Vendredi 7 septembre 1918
Ma petite Emma bien aimée
Deux mots ce matin pendant que j'ai le temps. La santé est toujours bonne et je pense que tu es de même ainsi que toute la famille.
Je ne suis pas en première ligne, mon escouade est restée en arrière pour ravitailler le reste de la section qui est dans des postes avancés.
Mais ça bien l'air d'être le secteur pépère car depuis hier matin, je n'ai pas vu un seul obus.

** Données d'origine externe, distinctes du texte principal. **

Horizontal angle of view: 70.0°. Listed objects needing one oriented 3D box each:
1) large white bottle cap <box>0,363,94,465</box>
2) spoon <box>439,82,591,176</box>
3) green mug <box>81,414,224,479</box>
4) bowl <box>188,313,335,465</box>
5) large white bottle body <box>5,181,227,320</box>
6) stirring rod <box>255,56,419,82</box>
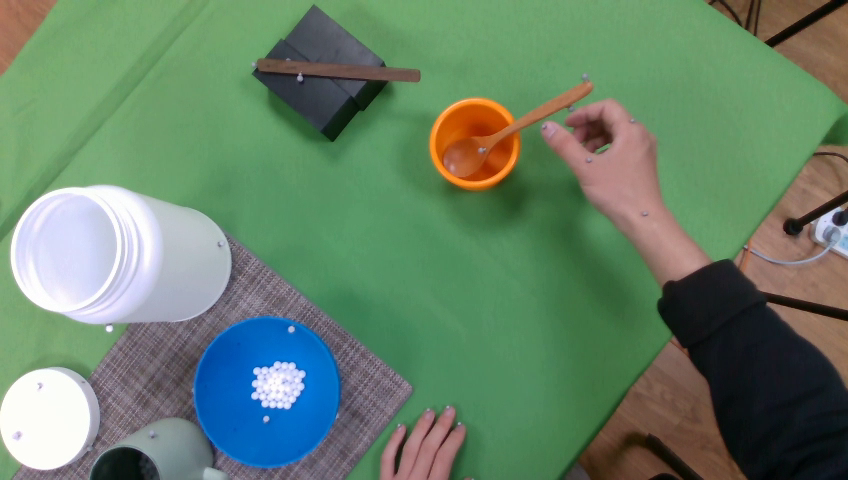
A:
[{"bbox_3d":[-0.436,0.199,0.693,0.115,0.018,0.114,0,86,6],"label":"large white bottle cap"},{"bbox_3d":[0.083,-0.108,0.601,0.022,0.193,0.041,-7,80,-39],"label":"spoon"},{"bbox_3d":[-0.272,0.240,0.633,0.125,0.105,0.092,12,87,6],"label":"green mug"},{"bbox_3d":[-0.160,0.150,0.641,0.151,0.077,0.151,0,87,5],"label":"bowl"},{"bbox_3d":[-0.298,0.015,0.607,0.130,0.185,0.130,-1,84,8],"label":"large white bottle body"},{"bbox_3d":[-0.093,-0.180,0.637,0.176,0.006,0.014,6,122,5],"label":"stirring rod"}]
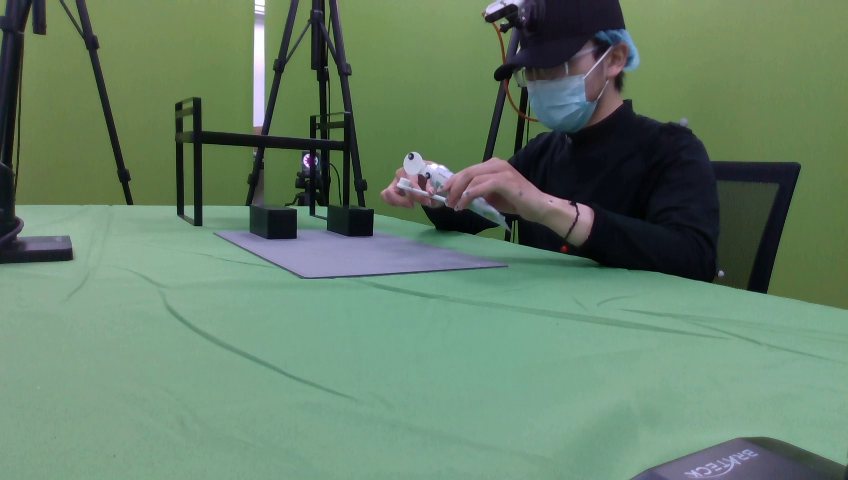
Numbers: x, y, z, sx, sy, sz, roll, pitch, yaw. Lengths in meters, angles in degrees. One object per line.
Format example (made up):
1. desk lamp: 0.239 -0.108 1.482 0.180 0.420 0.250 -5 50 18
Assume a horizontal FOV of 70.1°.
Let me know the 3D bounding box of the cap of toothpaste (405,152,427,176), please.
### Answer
1. cap of toothpaste: -0.012 -0.112 0.895 0.037 0.037 0.011 7 7 31

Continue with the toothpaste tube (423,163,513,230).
1. toothpaste tube: 0.060 -0.067 0.862 0.164 0.034 0.055 37 -1 31

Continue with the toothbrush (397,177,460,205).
1. toothbrush: 0.012 -0.077 0.995 0.014 0.016 0.183 26 8 32
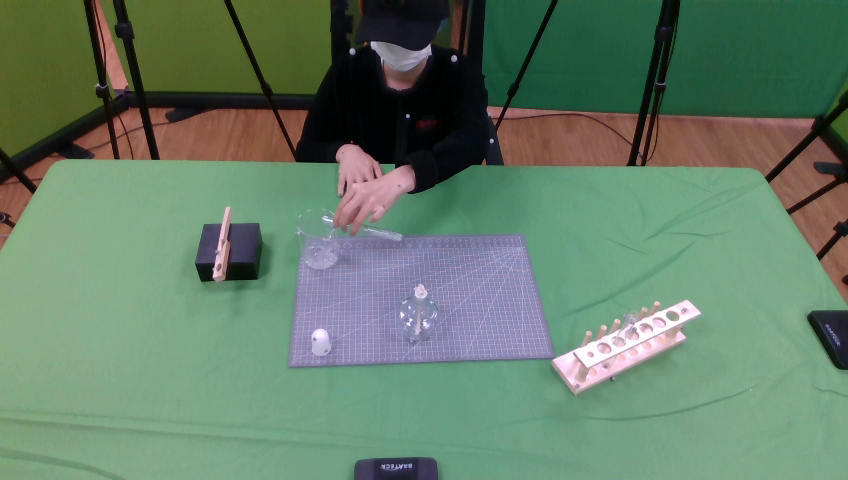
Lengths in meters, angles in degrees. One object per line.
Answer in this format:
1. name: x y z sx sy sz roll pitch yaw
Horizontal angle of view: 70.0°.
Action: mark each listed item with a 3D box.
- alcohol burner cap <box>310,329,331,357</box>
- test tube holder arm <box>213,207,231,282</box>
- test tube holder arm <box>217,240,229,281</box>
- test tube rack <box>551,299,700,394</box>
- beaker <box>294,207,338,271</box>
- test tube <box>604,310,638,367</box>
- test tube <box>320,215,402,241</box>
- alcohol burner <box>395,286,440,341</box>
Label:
1. alcohol burner cap: -0.173 0.168 1.005 0.034 0.048 0.033 2 46 -2
2. test tube holder arm: -0.366 0.004 1.101 0.013 0.015 0.177 -10 47 -1
3. test tube holder arm: -0.354 0.035 1.070 0.010 0.015 0.087 -10 47 -1
4. test tube rack: 0.339 0.166 1.021 0.242 0.085 0.066 -19 50 -21
5. beaker: -0.196 0.003 1.123 0.074 0.101 0.083 -23 52 -24
6. test tube: 0.310 0.158 0.957 0.017 0.151 0.017 1 49 -1
7. test tube: -0.110 -0.021 1.060 0.150 0.017 0.017 13 46 8
8. alcohol burner: -0.010 0.116 1.018 0.078 0.119 0.077 3 47 -3
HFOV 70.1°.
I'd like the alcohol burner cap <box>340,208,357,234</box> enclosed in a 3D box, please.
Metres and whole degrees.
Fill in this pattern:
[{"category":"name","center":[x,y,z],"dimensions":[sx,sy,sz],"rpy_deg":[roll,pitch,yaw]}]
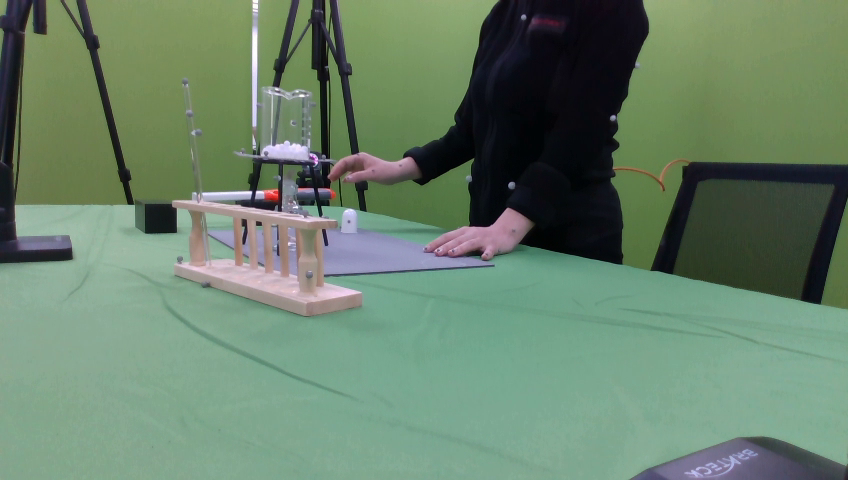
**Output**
[{"category":"alcohol burner cap","center":[-0.142,-0.036,1.136],"dimensions":[0.034,0.048,0.034],"rpy_deg":[2,7,0]}]

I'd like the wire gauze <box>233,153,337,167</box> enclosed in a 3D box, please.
[{"category":"wire gauze","center":[-0.205,-0.119,0.887],"dimensions":[0.122,0.011,0.124],"rpy_deg":[2,4,-32]}]

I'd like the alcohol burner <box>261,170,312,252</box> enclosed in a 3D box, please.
[{"category":"alcohol burner","center":[-0.200,-0.043,0.891],"dimensions":[0.078,0.119,0.078],"rpy_deg":[1,6,0]}]

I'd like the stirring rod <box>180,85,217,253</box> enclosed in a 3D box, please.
[{"category":"stirring rod","center":[-0.236,-0.073,0.634],"dimensions":[0.006,0.176,0.014],"rpy_deg":[1,10,43]}]

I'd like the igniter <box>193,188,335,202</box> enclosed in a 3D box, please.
[{"category":"igniter","center":[-0.312,-0.089,1.209],"dimensions":[0.278,0.025,0.057],"rpy_deg":[-5,13,-31]}]

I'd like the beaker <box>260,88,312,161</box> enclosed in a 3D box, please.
[{"category":"beaker","center":[-0.200,-0.166,0.876],"dimensions":[0.074,0.100,0.083],"rpy_deg":[1,7,-18]}]

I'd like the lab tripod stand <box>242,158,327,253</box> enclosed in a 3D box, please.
[{"category":"lab tripod stand","center":[-0.207,-0.054,0.895],"dimensions":[0.148,0.131,0.148],"rpy_deg":[2,5,0]}]

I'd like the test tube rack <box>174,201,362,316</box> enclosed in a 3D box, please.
[{"category":"test tube rack","center":[-0.168,0.010,0.622],"dimensions":[0.241,0.085,0.067],"rpy_deg":[9,9,41]}]
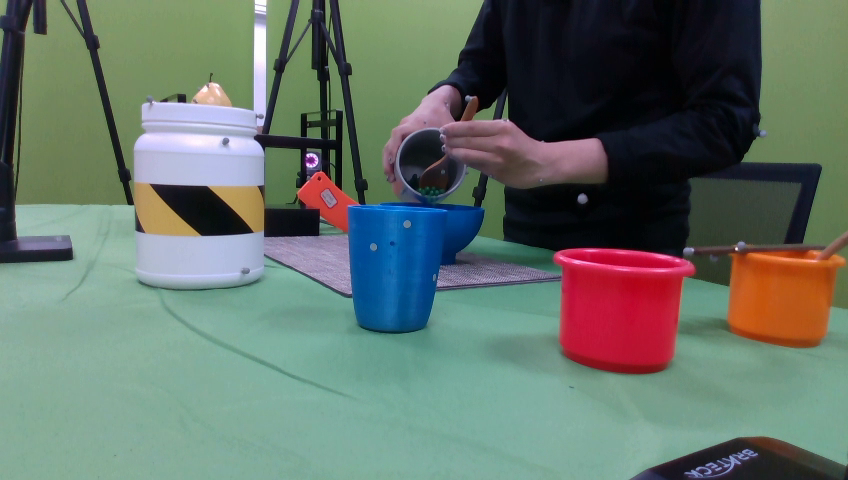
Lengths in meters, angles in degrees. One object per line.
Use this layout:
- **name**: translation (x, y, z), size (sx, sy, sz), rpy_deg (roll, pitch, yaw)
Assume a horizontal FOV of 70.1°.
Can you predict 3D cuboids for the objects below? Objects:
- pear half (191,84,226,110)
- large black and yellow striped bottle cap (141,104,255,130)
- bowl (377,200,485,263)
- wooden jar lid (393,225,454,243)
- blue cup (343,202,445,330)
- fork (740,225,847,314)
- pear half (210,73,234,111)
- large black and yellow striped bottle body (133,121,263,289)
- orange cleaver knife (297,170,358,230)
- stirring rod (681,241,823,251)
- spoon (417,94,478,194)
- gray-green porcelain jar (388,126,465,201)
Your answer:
- **pear half**: translation (-0.406, -0.248, 1.128), size (0.070, 0.088, 0.031), rpy_deg (5, 6, 2)
- **large black and yellow striped bottle cap**: translation (-0.241, -0.131, 0.650), size (0.115, 0.019, 0.115), rpy_deg (3, 8, 0)
- **bowl**: translation (0.008, -0.012, 0.841), size (0.151, 0.077, 0.151), rpy_deg (2, 7, 0)
- **wooden jar lid**: translation (-0.001, -0.011, 1.058), size (0.108, 0.020, 0.108), rpy_deg (8, 5, 0)
- **blue cup**: translation (-0.027, 0.021, 0.510), size (0.093, 0.100, 0.092), rpy_deg (3, 5, 0)
- **fork**: translation (0.323, 0.013, 0.485), size (0.028, 0.018, 0.207), rpy_deg (8, -38, -5)
- **pear half**: translation (-0.402, -0.262, 1.162), size (0.076, 0.109, 0.056), rpy_deg (6, 7, 2)
- **large black and yellow striped bottle body**: translation (-0.243, -0.048, 0.659), size (0.131, 0.184, 0.130), rpy_deg (2, 7, 0)
- **orange cleaver knife**: translation (-0.149, -0.058, 1.170), size (0.212, 0.077, 0.012), rpy_deg (33, -15, -32)
- **stirring rod**: translation (0.289, 0.005, 0.525), size (0.177, 0.006, 0.014), rpy_deg (-1, 5, -26)
- **spoon**: translation (0.034, -0.124, 0.814), size (0.042, 0.021, 0.193), rpy_deg (11, -33, -15)
- **gray-green porcelain jar**: translation (0.000, -0.109, 0.937), size (0.106, 0.105, 0.126), rpy_deg (1, -5, -9)
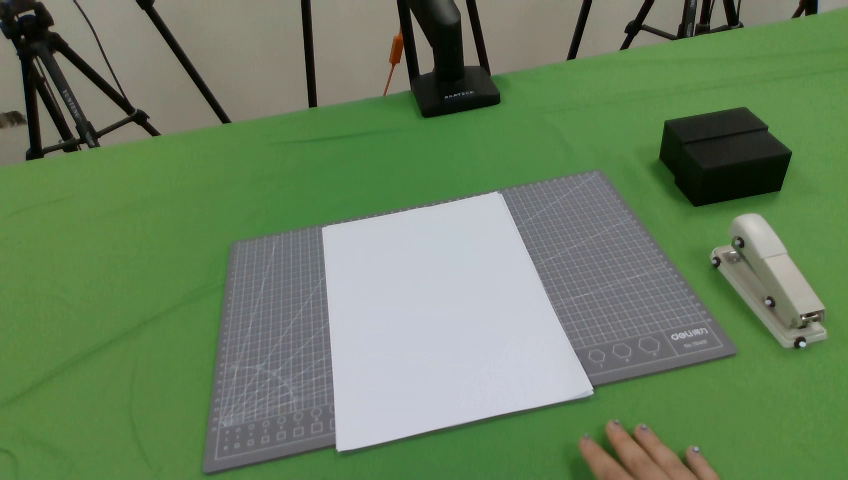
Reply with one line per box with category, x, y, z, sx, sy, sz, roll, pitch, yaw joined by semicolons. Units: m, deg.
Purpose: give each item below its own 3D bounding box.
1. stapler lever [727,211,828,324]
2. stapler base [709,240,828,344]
stapler lever;0.310;0.019;0.536;0.027;0.040;0.116;-13;42;-3
stapler base;0.312;0.037;0.554;0.041;0.025;0.129;-13;42;-3
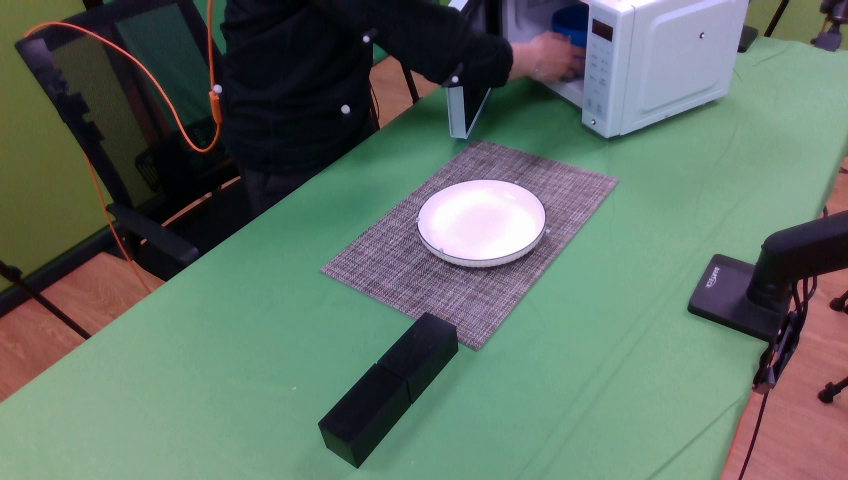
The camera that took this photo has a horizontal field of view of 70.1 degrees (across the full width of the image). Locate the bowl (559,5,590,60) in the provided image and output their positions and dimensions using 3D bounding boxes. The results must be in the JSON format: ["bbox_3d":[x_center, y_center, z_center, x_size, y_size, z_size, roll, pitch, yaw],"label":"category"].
[{"bbox_3d":[0.361,-0.436,1.291,0.151,0.077,0.150,-1,41,1],"label":"bowl"}]

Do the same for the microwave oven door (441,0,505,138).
[{"bbox_3d":[0.108,-0.405,1.230,0.039,0.245,0.355,7,43,17],"label":"microwave oven door"}]

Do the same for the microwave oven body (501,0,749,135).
[{"bbox_3d":[0.382,-0.444,1.246,0.327,0.261,0.437,-22,42,-16],"label":"microwave oven body"}]

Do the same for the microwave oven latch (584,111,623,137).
[{"bbox_3d":[0.337,-0.222,1.142,0.030,0.029,0.078,-21,42,-14],"label":"microwave oven latch"}]

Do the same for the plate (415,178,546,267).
[{"bbox_3d":[0.091,-0.026,0.970,0.207,0.039,0.206,-4,41,4],"label":"plate"}]
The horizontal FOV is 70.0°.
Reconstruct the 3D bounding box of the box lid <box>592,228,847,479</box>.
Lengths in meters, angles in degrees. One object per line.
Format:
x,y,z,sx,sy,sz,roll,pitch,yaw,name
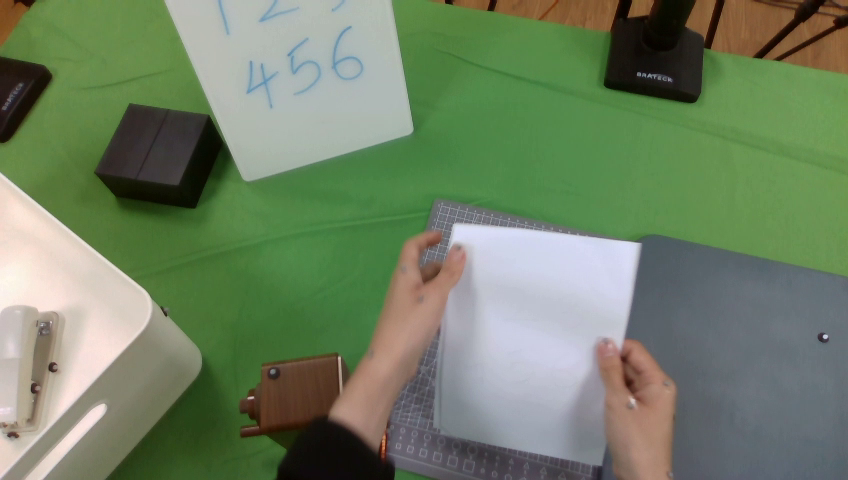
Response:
0.311,0.168,0.597,0.263,0.015,0.369,13,65,6,box lid

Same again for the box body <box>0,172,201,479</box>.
-0.427,0.082,0.562,0.362,0.161,0.253,33,69,15,box body

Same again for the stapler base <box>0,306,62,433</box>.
-0.400,0.126,0.612,0.041,0.024,0.129,-6,66,0,stapler base

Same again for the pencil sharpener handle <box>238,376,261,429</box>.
-0.158,0.150,0.543,0.030,0.068,0.035,-7,48,-2,pencil sharpener handle

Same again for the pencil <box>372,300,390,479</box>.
-0.041,0.151,0.608,0.012,0.012,0.192,1,64,1,pencil

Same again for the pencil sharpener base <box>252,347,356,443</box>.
-0.107,0.146,0.558,0.077,0.108,0.061,-7,63,-2,pencil sharpener base

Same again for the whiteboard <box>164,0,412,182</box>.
-0.156,-0.255,0.681,0.217,0.308,0.142,-18,45,-7,whiteboard

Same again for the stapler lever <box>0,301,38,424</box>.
-0.400,0.116,0.588,0.027,0.040,0.117,-6,66,0,stapler lever
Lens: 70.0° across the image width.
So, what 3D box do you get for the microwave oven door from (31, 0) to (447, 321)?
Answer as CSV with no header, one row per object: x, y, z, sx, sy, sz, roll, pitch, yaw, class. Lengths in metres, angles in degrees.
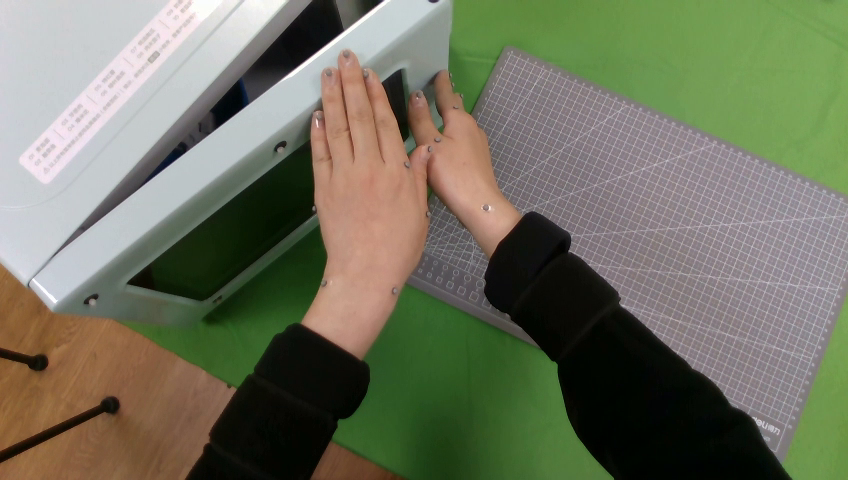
-0.125,-0.058,0.540,0.356,0.244,0.039,-40,82,-6,microwave oven door

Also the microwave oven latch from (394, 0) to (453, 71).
-0.001,-0.227,0.669,0.030,0.029,0.079,42,84,6,microwave oven latch

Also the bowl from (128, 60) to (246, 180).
-0.238,-0.121,0.588,0.151,0.077,0.150,0,77,2,bowl

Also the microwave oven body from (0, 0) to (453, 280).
-0.230,-0.203,0.570,0.325,0.261,0.441,40,84,6,microwave oven body
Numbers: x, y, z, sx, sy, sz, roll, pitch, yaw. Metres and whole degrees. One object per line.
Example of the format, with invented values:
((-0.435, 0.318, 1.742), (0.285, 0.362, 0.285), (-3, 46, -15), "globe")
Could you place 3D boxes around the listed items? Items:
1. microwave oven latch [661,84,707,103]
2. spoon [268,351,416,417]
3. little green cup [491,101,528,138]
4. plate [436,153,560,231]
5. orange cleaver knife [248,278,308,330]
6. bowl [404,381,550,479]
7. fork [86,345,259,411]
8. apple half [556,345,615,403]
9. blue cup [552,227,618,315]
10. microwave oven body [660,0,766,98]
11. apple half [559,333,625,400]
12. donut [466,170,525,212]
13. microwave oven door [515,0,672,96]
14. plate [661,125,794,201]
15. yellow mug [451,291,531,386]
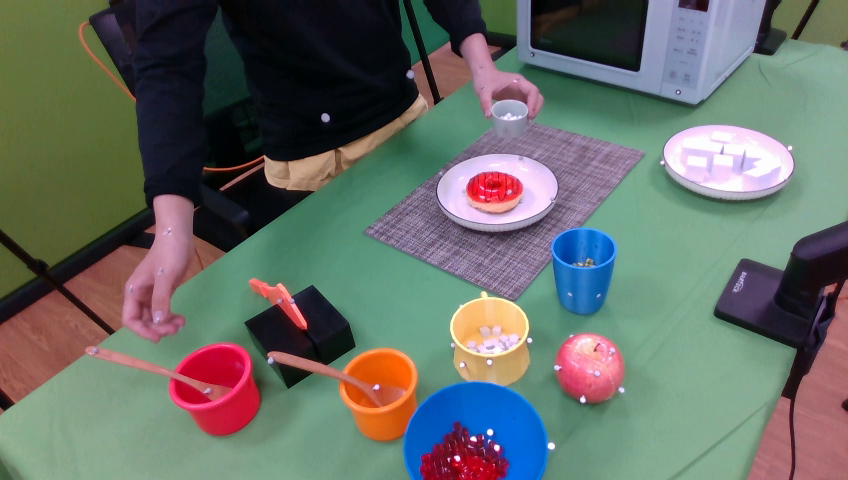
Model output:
((0.517, -0.296, 1.204), (0.078, 0.029, 0.030), (26, 52, 34), "microwave oven latch")
((-0.091, 0.163, 0.699), (0.021, 0.195, 0.041), (-44, 31, 28), "spoon")
((0.141, -0.200, 1.007), (0.061, 0.039, 0.061), (0, 42, 0), "little green cup")
((0.125, -0.078, 1.029), (0.209, 0.038, 0.208), (-4, 40, 4), "plate")
((-0.209, 0.088, 0.856), (0.012, 0.077, 0.210), (-34, 17, -23), "orange cleaver knife")
((0.058, 0.235, 0.645), (0.151, 0.077, 0.150), (-4, 39, 4), "bowl")
((-0.298, 0.166, 0.728), (0.209, 0.018, 0.028), (28, 47, -23), "fork")
((0.181, 0.167, 0.709), (0.080, 0.081, 0.033), (29, 50, 35), "apple half")
((0.218, 0.047, 0.825), (0.092, 0.100, 0.092), (-6, 39, 5), "blue cup")
((0.472, -0.513, 1.317), (0.438, 0.261, 0.327), (26, 51, 34), "microwave oven body")
((0.209, 0.147, 0.730), (0.080, 0.075, 0.053), (26, 48, 38), "apple half")
((0.121, -0.083, 1.019), (0.099, 0.048, 0.098), (-4, 39, 3), "donut")
((0.344, -0.455, 1.259), (0.353, 0.245, 0.039), (26, 51, 33), "microwave oven door")
((0.513, -0.128, 1.035), (0.207, 0.039, 0.206), (-4, 40, 4), "plate")
((0.086, 0.120, 0.786), (0.100, 0.064, 0.130), (-7, 39, 2), "yellow mug")
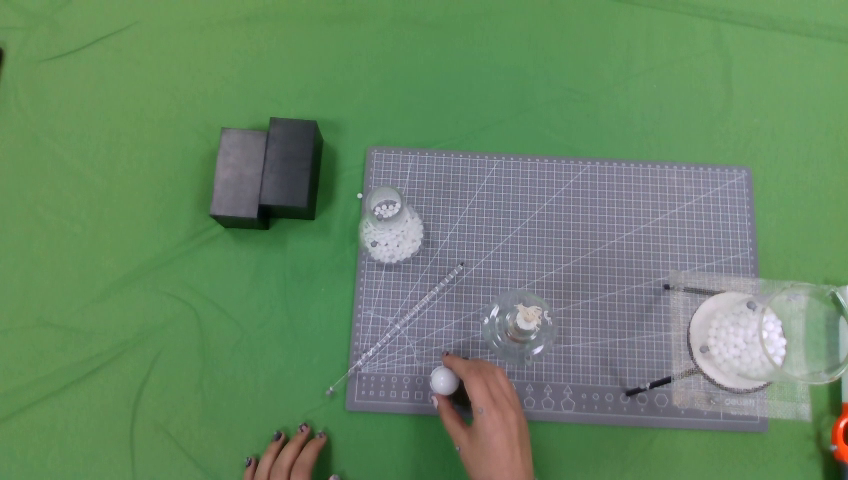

Ce soir, nous descendons dans un petit patelin à trois cents mètres derrière où je suis cantonné dans les maisons qui ne sont pas démolies. C'est le secteur qu'il faudrait tenir jusqu'à la fin de la guerre. On peut y tenir. Comme ça, le cafard est un peu moins grand que si c'était un de ces secteurs modernes que par moment ça fait vilain.
Mais malgré ça, cela ne vaut pas la petite perme. C'est si bon, c'est malheureux que cela ne vienne pas plus souvent, enfin vivement la grande.
Plus grand nouveau.
Bien le bonjour à toute la famille et aux petits amoureux.
Je te quitte en t'envoyant mes sincères amitiés et en pensant toujours bien à toi.
Mille bons baisers.
Modeste
Permettez-moi de vous transmettre un gros bonjour en échange de celui que vous avez bien voulu m'envoyer avec votre ami Modeste.
Je vous en remercie. Ne vous en faites pas trop sur son sort pour le moment car nous sommes dans un secteur vraiment de père de famille.